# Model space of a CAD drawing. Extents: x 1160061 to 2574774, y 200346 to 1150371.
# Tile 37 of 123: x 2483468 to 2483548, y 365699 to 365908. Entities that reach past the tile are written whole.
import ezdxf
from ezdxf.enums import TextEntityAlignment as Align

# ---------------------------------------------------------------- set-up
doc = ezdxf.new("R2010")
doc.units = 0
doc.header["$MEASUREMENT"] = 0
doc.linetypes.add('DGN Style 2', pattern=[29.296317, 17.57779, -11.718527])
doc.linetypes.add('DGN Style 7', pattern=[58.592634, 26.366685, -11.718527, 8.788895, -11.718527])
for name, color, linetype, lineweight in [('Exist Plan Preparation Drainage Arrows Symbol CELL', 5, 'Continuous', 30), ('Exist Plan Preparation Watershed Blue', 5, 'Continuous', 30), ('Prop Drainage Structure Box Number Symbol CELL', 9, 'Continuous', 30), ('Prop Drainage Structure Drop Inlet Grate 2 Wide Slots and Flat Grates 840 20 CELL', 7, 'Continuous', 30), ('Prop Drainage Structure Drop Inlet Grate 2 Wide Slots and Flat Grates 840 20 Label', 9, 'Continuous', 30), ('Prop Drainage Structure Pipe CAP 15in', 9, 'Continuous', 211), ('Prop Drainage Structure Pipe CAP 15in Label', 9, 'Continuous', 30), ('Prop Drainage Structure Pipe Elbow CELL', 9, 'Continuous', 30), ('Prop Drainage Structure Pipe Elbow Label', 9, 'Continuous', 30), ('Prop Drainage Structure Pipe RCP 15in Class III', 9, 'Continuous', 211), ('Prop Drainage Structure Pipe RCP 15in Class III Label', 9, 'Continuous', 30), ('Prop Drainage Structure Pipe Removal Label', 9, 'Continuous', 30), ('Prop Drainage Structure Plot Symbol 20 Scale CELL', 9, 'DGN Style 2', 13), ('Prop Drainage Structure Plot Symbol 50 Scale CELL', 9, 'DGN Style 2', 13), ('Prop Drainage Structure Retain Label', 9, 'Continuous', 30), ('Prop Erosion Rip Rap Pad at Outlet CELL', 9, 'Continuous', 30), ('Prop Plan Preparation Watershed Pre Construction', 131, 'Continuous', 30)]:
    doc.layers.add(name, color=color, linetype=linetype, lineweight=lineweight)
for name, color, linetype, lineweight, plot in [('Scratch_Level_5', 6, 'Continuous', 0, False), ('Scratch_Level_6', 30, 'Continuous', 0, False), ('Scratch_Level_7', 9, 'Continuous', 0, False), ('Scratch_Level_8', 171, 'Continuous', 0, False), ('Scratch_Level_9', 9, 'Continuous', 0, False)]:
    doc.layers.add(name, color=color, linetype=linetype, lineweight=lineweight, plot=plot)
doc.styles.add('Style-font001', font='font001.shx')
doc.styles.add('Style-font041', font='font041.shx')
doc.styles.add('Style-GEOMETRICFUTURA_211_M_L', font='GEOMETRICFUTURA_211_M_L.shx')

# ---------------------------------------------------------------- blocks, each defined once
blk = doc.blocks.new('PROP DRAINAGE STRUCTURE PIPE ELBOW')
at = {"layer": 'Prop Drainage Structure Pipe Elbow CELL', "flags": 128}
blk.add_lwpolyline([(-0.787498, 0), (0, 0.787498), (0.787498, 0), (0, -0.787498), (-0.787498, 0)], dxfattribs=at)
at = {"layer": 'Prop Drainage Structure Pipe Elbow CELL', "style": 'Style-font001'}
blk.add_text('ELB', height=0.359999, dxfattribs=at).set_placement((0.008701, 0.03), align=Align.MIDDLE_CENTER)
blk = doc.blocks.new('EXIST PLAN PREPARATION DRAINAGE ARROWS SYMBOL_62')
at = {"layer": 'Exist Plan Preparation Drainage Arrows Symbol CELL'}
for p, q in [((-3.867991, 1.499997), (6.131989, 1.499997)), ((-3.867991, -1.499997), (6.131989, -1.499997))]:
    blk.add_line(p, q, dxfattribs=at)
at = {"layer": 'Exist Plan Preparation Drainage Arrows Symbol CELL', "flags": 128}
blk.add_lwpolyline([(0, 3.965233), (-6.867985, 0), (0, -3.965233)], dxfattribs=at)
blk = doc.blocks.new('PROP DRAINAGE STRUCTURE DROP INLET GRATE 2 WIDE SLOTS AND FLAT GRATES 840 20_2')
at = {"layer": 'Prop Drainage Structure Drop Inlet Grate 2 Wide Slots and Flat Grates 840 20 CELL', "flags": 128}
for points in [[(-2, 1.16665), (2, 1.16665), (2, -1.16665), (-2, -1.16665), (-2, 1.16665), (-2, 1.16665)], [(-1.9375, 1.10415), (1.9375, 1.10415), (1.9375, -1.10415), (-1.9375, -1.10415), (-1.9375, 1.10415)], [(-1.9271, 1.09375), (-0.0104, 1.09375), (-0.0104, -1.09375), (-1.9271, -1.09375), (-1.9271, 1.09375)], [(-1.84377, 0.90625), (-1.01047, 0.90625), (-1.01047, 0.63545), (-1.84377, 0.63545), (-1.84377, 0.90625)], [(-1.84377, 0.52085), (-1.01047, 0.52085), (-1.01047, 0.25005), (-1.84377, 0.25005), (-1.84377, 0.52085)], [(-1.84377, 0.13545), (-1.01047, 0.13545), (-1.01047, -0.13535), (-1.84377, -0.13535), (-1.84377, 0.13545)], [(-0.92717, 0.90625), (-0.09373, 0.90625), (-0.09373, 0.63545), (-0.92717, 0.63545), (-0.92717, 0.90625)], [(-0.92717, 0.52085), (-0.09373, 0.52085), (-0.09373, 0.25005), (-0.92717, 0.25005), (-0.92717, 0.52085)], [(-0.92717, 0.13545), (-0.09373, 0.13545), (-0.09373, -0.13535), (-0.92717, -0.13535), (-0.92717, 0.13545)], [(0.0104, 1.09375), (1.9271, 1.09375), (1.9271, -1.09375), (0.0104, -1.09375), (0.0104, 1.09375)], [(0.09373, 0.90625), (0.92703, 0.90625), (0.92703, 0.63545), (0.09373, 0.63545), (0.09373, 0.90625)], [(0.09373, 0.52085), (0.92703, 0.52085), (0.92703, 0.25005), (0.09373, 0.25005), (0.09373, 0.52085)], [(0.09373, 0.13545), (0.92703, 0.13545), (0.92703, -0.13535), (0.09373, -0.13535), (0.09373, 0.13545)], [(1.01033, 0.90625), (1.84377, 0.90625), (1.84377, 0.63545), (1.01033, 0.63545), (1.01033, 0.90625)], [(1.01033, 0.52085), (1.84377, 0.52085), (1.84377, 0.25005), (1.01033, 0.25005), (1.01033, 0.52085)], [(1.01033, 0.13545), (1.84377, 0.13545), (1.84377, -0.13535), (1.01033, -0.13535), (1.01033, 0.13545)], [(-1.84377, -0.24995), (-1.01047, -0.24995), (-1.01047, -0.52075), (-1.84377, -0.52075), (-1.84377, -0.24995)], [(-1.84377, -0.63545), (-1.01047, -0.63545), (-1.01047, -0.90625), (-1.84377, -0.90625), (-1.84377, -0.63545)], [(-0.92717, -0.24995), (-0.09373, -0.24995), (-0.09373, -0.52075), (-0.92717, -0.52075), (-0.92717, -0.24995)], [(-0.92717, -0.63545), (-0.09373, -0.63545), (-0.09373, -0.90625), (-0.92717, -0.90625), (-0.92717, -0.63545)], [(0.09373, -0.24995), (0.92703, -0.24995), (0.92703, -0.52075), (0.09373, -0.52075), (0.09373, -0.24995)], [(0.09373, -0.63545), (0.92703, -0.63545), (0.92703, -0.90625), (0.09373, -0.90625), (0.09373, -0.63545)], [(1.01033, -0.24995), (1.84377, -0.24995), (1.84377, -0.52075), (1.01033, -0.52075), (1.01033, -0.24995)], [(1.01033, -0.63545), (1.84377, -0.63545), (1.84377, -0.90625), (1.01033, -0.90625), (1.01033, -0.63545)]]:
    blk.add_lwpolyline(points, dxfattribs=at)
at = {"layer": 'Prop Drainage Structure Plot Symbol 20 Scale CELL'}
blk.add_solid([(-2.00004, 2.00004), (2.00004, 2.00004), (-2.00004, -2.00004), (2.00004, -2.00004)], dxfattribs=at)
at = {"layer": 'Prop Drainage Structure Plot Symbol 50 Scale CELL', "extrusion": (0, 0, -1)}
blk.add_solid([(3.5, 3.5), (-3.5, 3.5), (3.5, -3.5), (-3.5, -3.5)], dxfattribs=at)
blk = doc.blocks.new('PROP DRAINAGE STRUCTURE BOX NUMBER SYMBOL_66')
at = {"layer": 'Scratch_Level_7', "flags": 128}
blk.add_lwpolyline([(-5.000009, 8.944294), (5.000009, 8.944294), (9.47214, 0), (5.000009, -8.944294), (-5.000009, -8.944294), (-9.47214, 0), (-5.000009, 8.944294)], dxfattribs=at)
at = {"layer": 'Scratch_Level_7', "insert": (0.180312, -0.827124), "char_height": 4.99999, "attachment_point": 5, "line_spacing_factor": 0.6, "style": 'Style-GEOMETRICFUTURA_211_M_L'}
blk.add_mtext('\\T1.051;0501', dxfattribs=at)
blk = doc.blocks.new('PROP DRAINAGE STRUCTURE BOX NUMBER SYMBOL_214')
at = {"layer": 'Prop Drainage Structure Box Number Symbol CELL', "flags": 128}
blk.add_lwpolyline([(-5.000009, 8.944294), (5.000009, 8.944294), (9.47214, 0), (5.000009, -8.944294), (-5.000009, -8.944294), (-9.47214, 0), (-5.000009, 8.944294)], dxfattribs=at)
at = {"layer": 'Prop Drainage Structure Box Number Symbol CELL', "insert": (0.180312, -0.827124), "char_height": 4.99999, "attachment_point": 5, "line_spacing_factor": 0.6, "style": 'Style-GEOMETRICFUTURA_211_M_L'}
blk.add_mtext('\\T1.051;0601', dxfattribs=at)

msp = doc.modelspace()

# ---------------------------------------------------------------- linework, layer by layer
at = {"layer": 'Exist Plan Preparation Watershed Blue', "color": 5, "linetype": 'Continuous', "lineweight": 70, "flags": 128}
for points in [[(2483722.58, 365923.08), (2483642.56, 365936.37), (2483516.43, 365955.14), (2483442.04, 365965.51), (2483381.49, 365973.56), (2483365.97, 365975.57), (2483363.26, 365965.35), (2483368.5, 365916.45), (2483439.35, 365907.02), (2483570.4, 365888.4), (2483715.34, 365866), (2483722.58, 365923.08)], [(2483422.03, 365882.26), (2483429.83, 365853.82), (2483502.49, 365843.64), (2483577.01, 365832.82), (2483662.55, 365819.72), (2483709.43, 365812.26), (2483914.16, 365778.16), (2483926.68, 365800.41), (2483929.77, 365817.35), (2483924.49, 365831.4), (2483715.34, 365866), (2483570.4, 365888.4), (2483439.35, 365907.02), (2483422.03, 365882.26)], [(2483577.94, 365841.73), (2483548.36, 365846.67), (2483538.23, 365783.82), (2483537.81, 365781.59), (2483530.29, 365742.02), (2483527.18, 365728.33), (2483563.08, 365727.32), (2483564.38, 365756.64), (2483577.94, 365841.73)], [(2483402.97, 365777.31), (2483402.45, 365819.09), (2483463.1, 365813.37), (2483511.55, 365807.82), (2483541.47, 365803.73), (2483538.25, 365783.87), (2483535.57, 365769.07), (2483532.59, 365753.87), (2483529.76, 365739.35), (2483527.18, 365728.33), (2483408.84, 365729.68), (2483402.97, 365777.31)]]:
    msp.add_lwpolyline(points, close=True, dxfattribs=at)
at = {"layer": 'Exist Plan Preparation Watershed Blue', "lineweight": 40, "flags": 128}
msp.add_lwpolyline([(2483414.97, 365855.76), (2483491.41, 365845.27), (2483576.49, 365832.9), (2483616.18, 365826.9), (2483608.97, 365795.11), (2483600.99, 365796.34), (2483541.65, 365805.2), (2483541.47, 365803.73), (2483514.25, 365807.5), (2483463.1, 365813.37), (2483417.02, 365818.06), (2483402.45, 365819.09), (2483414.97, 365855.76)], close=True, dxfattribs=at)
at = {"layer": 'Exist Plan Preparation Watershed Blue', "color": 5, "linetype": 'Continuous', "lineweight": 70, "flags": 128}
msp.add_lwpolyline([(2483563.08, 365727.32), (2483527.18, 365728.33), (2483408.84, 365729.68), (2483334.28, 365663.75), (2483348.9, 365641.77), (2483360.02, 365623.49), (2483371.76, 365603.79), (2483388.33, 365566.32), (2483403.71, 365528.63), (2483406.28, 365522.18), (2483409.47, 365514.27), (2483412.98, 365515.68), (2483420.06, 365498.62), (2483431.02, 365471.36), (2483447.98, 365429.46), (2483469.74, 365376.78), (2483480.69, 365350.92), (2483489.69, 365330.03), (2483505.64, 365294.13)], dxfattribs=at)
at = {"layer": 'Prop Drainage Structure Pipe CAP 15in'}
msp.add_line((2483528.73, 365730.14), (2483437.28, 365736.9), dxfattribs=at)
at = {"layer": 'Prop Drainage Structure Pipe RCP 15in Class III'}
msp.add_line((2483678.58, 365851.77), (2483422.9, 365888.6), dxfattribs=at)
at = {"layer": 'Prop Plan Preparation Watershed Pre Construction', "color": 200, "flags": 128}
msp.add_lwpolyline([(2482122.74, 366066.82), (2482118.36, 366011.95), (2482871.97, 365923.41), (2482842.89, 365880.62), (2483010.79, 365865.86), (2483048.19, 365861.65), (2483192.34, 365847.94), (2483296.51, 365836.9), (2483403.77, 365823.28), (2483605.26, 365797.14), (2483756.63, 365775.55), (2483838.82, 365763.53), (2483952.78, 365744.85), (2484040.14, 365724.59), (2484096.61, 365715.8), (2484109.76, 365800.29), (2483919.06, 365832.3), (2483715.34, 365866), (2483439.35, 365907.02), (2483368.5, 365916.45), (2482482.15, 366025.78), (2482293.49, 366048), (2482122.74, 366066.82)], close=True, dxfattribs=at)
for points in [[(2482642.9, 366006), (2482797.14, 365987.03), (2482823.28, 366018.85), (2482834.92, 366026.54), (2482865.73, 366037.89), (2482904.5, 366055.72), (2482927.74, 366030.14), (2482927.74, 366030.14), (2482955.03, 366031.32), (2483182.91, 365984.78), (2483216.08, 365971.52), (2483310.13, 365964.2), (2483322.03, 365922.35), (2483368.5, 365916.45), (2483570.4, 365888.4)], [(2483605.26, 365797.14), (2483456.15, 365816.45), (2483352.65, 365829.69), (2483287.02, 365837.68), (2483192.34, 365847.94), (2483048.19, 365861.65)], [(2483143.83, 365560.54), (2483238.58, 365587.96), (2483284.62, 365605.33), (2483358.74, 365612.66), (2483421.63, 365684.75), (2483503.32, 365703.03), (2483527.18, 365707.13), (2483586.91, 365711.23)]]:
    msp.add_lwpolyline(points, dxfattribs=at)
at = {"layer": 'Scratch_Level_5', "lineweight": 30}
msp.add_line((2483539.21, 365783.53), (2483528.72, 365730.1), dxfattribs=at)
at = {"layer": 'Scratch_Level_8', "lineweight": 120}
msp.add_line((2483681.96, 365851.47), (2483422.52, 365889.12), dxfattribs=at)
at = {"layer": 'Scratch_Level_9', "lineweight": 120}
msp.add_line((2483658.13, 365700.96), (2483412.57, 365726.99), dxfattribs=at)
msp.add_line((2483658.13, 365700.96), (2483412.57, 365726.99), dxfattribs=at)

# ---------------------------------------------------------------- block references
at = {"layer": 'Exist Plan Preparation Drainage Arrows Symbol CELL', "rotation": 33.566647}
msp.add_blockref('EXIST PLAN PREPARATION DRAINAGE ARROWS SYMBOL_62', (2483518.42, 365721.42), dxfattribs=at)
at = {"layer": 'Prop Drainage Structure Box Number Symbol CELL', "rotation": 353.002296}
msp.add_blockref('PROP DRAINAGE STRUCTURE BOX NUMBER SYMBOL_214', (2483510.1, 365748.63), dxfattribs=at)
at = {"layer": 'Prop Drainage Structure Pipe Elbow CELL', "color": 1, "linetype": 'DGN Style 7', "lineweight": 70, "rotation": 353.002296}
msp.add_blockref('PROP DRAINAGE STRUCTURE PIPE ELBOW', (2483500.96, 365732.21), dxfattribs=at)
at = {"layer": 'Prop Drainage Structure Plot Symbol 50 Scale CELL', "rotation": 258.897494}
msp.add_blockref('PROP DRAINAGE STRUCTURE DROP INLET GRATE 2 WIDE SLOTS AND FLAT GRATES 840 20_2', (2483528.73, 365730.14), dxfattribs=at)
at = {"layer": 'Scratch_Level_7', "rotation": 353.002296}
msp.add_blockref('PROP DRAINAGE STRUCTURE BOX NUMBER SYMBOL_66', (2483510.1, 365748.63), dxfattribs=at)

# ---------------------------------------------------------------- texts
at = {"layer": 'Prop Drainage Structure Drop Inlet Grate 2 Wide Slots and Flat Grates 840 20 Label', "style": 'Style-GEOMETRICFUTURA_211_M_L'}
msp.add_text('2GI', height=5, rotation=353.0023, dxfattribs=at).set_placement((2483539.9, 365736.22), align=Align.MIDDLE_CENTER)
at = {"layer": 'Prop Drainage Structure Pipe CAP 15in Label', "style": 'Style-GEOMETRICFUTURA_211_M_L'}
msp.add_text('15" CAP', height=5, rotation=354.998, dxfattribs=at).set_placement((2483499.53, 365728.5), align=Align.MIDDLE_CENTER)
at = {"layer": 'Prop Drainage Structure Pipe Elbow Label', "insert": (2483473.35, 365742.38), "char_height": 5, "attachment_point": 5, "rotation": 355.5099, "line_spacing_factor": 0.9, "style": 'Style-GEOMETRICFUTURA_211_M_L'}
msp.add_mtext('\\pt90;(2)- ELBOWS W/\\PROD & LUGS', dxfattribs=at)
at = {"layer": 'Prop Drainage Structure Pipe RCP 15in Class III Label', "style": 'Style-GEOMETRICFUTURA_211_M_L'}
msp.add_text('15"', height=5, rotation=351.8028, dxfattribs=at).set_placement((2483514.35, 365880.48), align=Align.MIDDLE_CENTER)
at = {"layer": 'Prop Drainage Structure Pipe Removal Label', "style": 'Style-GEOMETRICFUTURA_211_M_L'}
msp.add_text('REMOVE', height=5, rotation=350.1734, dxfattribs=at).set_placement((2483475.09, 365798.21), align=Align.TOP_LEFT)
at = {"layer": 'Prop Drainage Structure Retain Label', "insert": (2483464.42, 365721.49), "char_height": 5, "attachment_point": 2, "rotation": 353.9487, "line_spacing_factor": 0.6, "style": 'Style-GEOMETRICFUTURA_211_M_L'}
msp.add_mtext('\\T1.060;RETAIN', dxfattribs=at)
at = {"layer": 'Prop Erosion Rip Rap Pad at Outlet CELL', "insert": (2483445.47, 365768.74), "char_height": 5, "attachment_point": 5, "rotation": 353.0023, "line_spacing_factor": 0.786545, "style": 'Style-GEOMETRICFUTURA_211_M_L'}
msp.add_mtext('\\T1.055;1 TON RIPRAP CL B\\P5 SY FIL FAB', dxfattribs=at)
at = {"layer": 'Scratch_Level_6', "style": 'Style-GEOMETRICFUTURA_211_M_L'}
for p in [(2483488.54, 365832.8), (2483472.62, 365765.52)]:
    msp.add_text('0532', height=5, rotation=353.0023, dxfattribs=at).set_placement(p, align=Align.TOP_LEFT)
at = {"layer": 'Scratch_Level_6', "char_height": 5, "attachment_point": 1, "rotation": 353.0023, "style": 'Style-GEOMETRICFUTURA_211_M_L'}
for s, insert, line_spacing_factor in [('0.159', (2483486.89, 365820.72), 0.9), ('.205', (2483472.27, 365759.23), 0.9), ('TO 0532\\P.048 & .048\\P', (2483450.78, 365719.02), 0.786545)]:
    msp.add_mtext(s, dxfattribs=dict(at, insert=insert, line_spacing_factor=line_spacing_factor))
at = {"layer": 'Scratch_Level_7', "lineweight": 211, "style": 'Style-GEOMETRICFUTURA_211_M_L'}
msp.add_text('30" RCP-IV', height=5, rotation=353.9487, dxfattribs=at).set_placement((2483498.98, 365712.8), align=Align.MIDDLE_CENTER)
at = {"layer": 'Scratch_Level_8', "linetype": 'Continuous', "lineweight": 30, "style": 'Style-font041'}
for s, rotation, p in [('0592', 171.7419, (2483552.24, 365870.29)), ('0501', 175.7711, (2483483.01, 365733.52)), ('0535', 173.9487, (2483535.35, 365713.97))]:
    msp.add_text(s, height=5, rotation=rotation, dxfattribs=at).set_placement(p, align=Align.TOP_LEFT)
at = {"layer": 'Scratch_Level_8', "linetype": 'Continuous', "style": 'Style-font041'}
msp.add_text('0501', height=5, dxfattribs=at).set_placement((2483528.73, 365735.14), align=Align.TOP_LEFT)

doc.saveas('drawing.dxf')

INSTRUCTIONS TO FOLLOW: Scanning the listing, tally the lines with "drawing" in them and state the number by itself.

TASK OUTPUT: 2